New research suggests that training to do a new task causes groups of brain cells to “learn” how to work together more efficiently.
While practice may not always make perfect, most tasks usually become easier with repetition. New hints about why this might be the case are emerging from experiments in which Howard Hughes Medical Institute scientists tracked neuronal activity in the brains of mice learning to perform new tasks.
The researchers found that as mice learned a simple odor discrimination task, the activity of the brain cells involved in specific aspects of the task became tightly coordinated. The researchers propose that training to do a new task causes groups of brain cells to “learn” how to work together more efficiently.

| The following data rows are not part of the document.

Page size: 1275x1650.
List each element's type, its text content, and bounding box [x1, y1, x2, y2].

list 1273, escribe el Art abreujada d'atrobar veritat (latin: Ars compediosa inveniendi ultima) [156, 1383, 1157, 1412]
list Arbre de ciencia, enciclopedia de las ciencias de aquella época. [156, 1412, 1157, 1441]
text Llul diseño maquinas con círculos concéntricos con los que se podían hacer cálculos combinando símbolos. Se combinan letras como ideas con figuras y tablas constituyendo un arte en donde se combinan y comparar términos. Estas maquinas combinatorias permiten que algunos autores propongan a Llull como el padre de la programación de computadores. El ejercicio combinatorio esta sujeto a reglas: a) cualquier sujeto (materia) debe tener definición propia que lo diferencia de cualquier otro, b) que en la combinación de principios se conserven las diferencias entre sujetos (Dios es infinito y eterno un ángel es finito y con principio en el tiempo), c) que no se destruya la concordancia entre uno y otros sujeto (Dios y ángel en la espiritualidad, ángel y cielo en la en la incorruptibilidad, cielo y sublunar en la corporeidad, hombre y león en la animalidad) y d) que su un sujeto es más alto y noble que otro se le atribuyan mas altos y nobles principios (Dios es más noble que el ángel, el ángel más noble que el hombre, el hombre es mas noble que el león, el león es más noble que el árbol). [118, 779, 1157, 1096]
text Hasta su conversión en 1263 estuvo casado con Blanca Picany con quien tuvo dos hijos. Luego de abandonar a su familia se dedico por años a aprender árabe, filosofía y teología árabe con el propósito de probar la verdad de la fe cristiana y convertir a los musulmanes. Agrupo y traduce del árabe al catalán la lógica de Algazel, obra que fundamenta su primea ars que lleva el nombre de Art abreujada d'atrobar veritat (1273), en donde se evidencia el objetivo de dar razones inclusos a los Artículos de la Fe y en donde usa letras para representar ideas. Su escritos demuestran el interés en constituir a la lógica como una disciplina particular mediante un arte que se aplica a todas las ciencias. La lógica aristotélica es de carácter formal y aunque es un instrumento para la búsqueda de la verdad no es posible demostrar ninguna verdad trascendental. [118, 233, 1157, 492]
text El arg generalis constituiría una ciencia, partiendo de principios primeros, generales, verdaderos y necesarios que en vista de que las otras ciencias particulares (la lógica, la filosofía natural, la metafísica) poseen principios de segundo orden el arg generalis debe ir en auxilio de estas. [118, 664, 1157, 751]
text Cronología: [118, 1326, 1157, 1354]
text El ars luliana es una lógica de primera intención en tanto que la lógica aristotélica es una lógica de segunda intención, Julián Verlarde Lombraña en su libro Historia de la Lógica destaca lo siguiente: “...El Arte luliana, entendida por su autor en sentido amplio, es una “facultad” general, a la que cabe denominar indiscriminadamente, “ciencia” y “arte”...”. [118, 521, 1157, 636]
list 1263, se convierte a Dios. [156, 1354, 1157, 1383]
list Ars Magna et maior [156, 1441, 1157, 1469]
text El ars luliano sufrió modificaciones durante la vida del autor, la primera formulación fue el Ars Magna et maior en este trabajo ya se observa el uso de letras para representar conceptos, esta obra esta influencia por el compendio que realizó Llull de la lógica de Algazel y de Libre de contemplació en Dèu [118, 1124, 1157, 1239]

Karel Svoboda, group leader at HHMI’s Janelia Farm Research Campus in Ashburn, Virginia, and his colleagues reported on these experiments in the April 8, 2010, issue of Nature.

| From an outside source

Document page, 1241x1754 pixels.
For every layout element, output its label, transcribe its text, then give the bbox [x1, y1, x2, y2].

“Learning is thought to be accompanied by changes in the connections between neurons, but we know little about the process at the level of populations of neurons,” Svoboda says. He explained that as connections between neurons become stronger, those neurons become more likely to fire together. So to map the strength of neuronal connections, his team designed an experiment in which they could track correlations in activity within networks of neurons in the brains of living mice.
The team, led by first author and postdoctoral researcher Takaki Komiyama, used a reward of water to train mice to discriminate between two different odors. The mice were taught to lick in response to one odor, but not in response to the other. Svoboda says the mice learned the task incredibly quickly—within an hour or so.

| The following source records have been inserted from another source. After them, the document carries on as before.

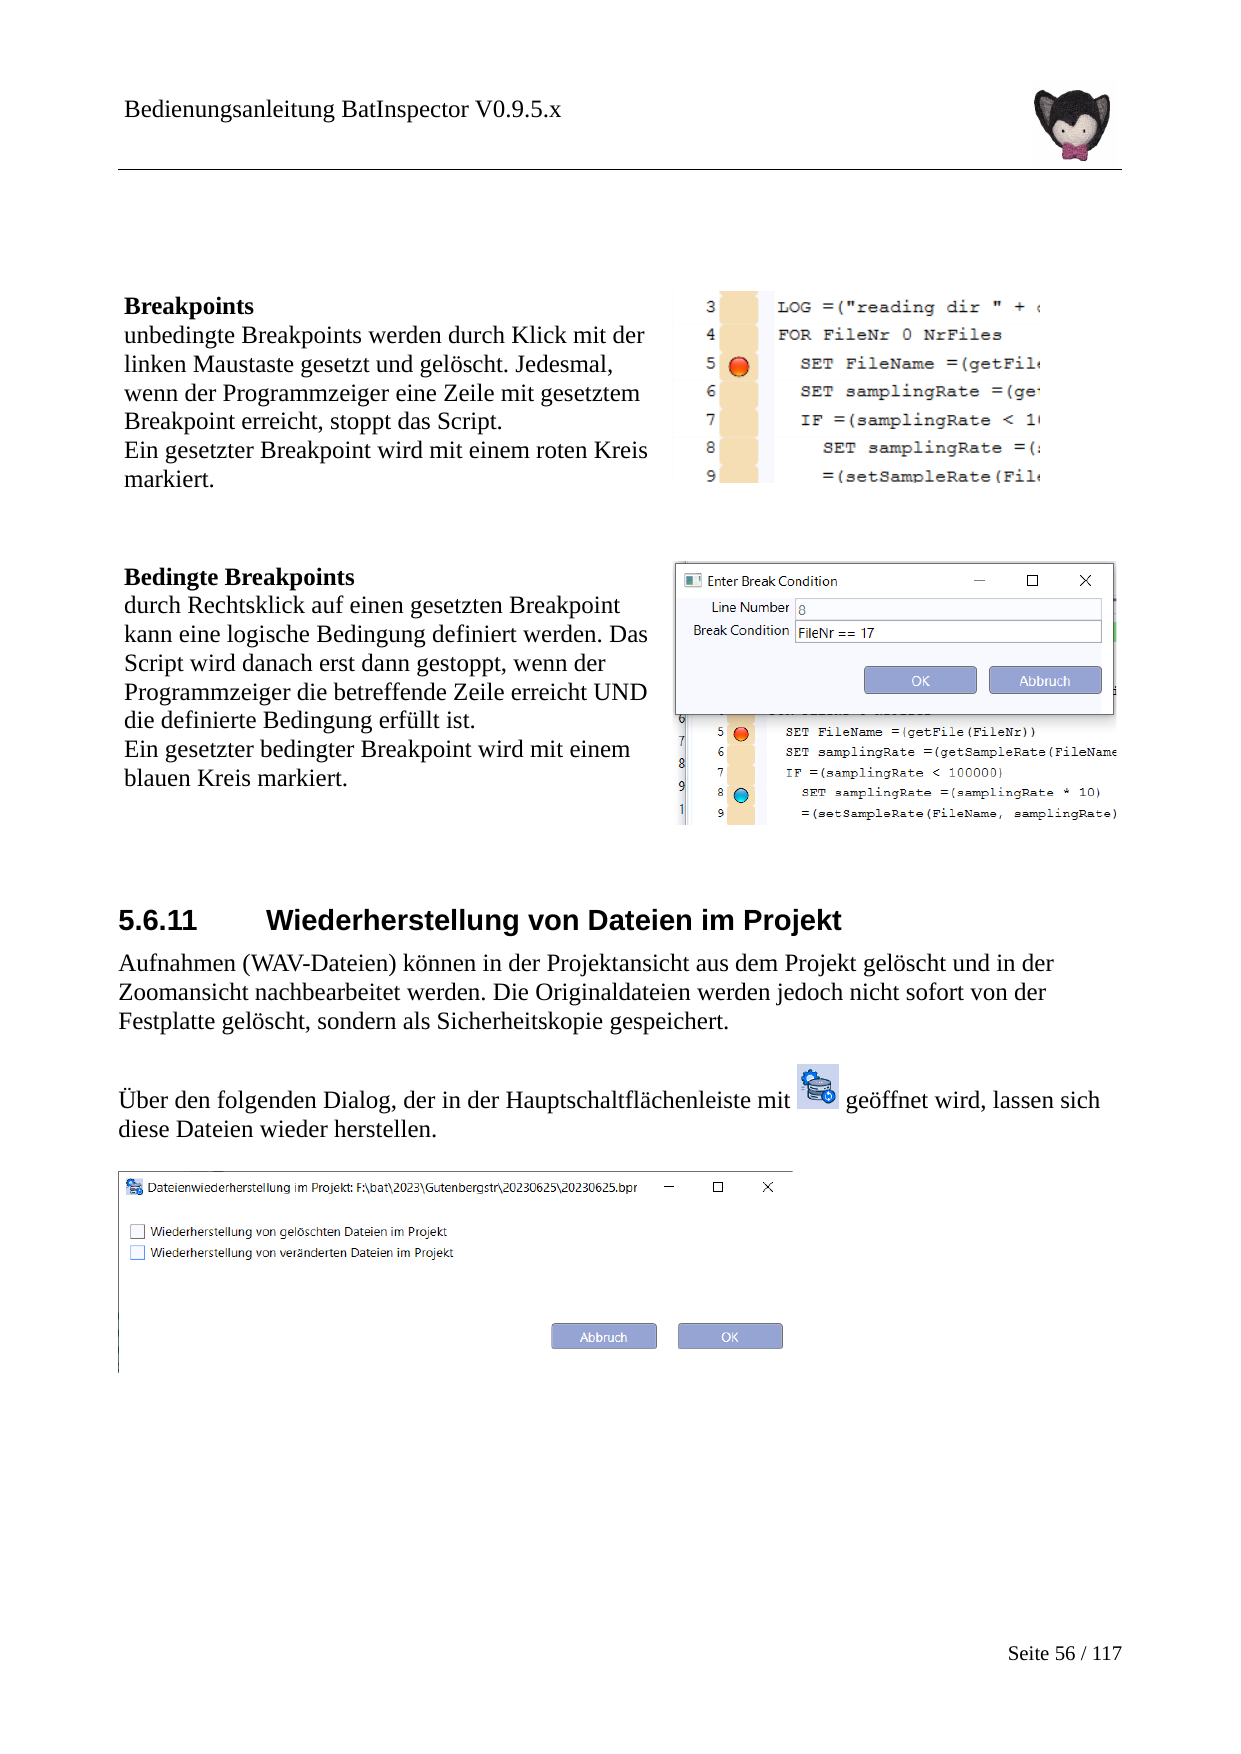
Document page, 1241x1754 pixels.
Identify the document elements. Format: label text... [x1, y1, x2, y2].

text Über den folgenden Dialog, der in der Hauptschaltflächenleiste mit geöffnet wird, lassen sich diese Dateien wieder herstellen. [118, 1063, 1122, 1143]
picture [672, 561, 1117, 825]
subtitle Wiederherstellung von Dateien im Projekt [118, 902, 1122, 936]
picture [118, 1171, 793, 1373]
picture [797, 1063, 839, 1109]
table_header [667, 286, 1122, 556]
table_cell Bedingte Breakpoints durch Rechtsklick auf einen gesetzten Breakpoint kann eine logische Bedingung definiert werden. Das Script wird danach erst dann gestoppt, wenn der Programmzeiger die betreffende Zeile erreicht UND die definierte Bedingung erfüllt ist. Ein gesetzter bedingter Breakpoint wird mit einem blauen Kreis markiert. [118, 556, 667, 830]
text Aufnahmen (WAV-Dateien) können in der Projektansicht aus dem Projekt gelöscht und in der Zoomansicht nachbearbeitet werden. Die Originaldateien werden jedoch nicht sofort von der Festplatte gelöscht, sondern als Sicherheitskopie gespeichert. [118, 948, 1122, 1035]
picture [672, 291, 1040, 483]
picture [1030, 80, 1119, 169]
table_header Breakpoints unbedingte Breakpoints werden durch Klick mit der linken Maustaste gesetzt und gelöscht. Jedesmal, wenn der Programmzeiger eine Zeile mit gesetztem Breakpoint erreicht, stoppt das Script. Ein gesetzter Breakpoint wird mit einem roten Kreis markiert. [118, 286, 667, 556]
table_cell [667, 556, 1122, 830]
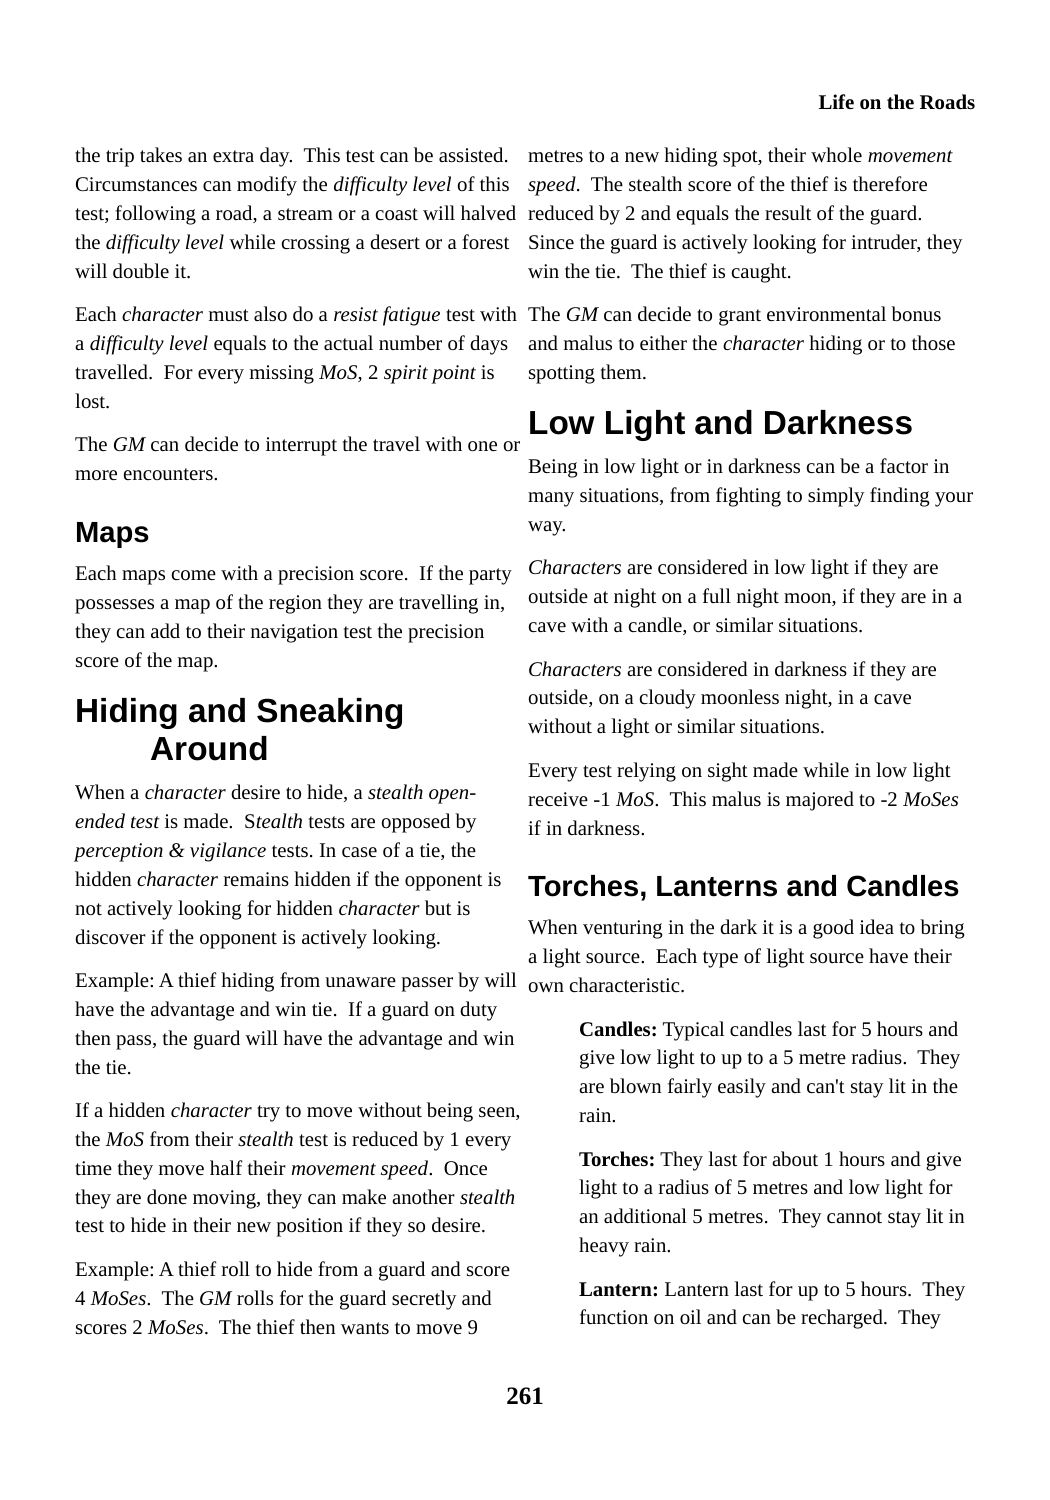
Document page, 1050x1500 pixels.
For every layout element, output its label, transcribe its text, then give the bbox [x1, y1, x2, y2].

As each mouse went through this training, the researchers watched through a small imaging window in the animal’s skull as bursts of activity indicated that movement-controlling neurons were being turned on. Using two-photon calcium imaging—a technique that Svoboda helped pioneer—the researchers could observe neural activity as it occurred. The technique takes advantage of the fact that as a neuron fires, its internal concentration of calcium rises sharply. When a calcium-sensitive fluorescent dye is infused into the brain, an increase in neuronal activity causes an increase in fluorescence. Svoboda and his colleagues used a two-photon microscope, which can see deep inside the brain, to record these activity-related changes in fluorescence within a small network of several dozen neurons.
To image the neurons that controlled the mouse’s licking behavior, Komiyama, Svoboda, and their colleagues first had to find the relevant neural networks. Somewhat surprisingly, there turned out to be two groups of lick-controlling neurons in distinct areas of the mouse motor cortex. “We speculate that one of these groups might be controlling the coordinated jaw and mouth movements, while the other group might be directly controlling the tongue muscles,” Komiyama explained.
The researchers could now record the activity of these networks of neurons as the mice learned. They found that within each group, some neurons would fire bursts of signals near the beginning of the action, some nearer the middle, and some nearer the end; but for any two neurons that normally fired around the same time, their correlation became tighter and tighter as the number of learning trials increased. The same was true of the neurons normally active during a correct no-licking inaction. In each case the increasing correlation suggested the local emergence of a more tightly connected, functionally precise network of neurons.
“We find that as the mouse learns, neurons segregate into two populations: those that show elevated activity when the mouse licks, and those that showed elevated activity when the mouse refrains from licking. With learning, the correlations within each of the neuronal populations—but not between them—increased dramatically,” Svoboda said. “The changes in these motor-related circuits could explain how neural circuits drive robust motor behavior.”
Remarkably, as learning progressed, the number of task-related neurons in these subnetworks seemed to shrink, hinting at a streamlining or simplification of the subnetworks’ activity. “We know that as we train to perform a behavior, it tends to become easier,” Komiyama said. “Using fewer neurons more efficiently might be one way to explain that phenomenon.”